Desencadeado em abril de 2004, o processo Apito Dourado investigou alegados casos de corrupção no futebol português, tráfico de influências e coação sobre árbitros, levantando suspeitas sobre o presidente do FC Porto nos jogos com o Estrela da Amadora (2-0), e o Beira-Mar (0-0), para as 19.ª e 31.ª jornadas da edição 2003/04 da I Liga, respetivamente.

Em 02 de dezembro, a Polícia Judiciária (PJ) rumou com mandados de busca e detenção à residência de Pinto da Costa, que não estava no local, mas apresentou-se no dia seguinte em tribunal e viria a sair em liberdade, mediante uma caução de 200 mil euros.

Apesar de não constar da acusação do Ministério Público (PJ), foi novamente visado em dezembro de 2006, quando a ex-companheira Carolina Salgado, de quem se tinha separado no início daquele ano, revelou histórias controversas vividas entre ambos no livro "Eu, Carolina", que bateu recordes de vendas e deu origem ao filme “Corrupção”.

O processo foi reaberto meses depois, mas o Tribunal Constitucional fez cair a maioria das acusações, ao considerar ilegal a utilização de escutas telefónicas, que tinham sido difundidas na Internet e eram a principal prova contra Pinto da Costa e outros arguidos.

O Apito Dourado despoletou na justiça desportiva o processo Apito Final, que, em maio de 2008, viu a Comissão Disciplinar (CD) da Liga Portuguesa de Futebol Profissional (LPFP) suspender o dirigente por dois anos e subtrair seis pontos ao FC Porto, que tinha sido tricampeão nacional em 2007/08, com 75 pontos, 20 sobre o Sporting, segundo colocado.

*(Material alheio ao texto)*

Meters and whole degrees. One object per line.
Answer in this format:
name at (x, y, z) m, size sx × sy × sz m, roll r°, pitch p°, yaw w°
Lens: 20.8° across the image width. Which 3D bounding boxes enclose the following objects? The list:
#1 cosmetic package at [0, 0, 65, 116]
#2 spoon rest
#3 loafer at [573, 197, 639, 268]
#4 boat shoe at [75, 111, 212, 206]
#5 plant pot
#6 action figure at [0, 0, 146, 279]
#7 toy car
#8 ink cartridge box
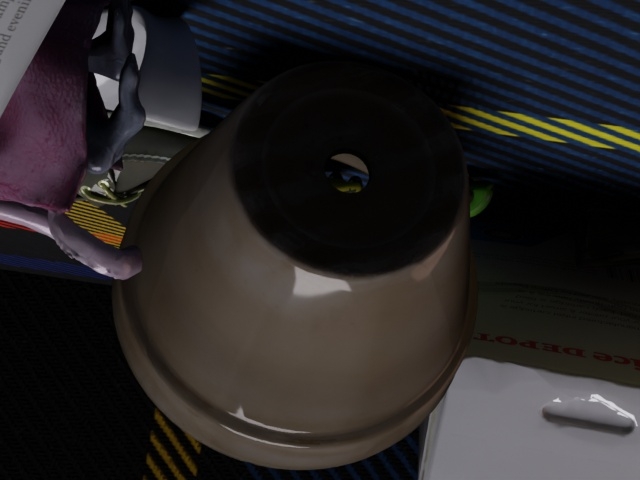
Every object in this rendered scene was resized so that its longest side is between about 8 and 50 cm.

Essas decisões seriam anuladas pelo Conselho de Justiça (CJ) da Federação Portuguesa de Futebol (FPF) em julho de 2017, quatro meses antes de Pinto da Costa ser também absolvido na Operação Fénix das suspeitas de contratação ilegal de segurança privada.

Nessa altura, o FC Porto já tinha abastecido o seu museu com a última conquista além-fronteiras, ao lograr a Liga Europa numa final 100% portuguesa com o Sporting de Braga (1-0), em 18 de maio de 2011, em Dublin, na República da Irlanda, sob alçada de André Villas-Boas.

O mais jovem técnico de sempre a vencer uma prova de clubes da UEFA festejou quatro troféus em cinco possíveis em 2010/11, a única época em que orientou o atual recordista de títulos no futebol luso, ao qual voltaria 13 anos depois para derrotar com estrondo Pinto da Costa nas eleições mais participadas da história ‘azul e branca’ e iniciar uma nova era presidencial.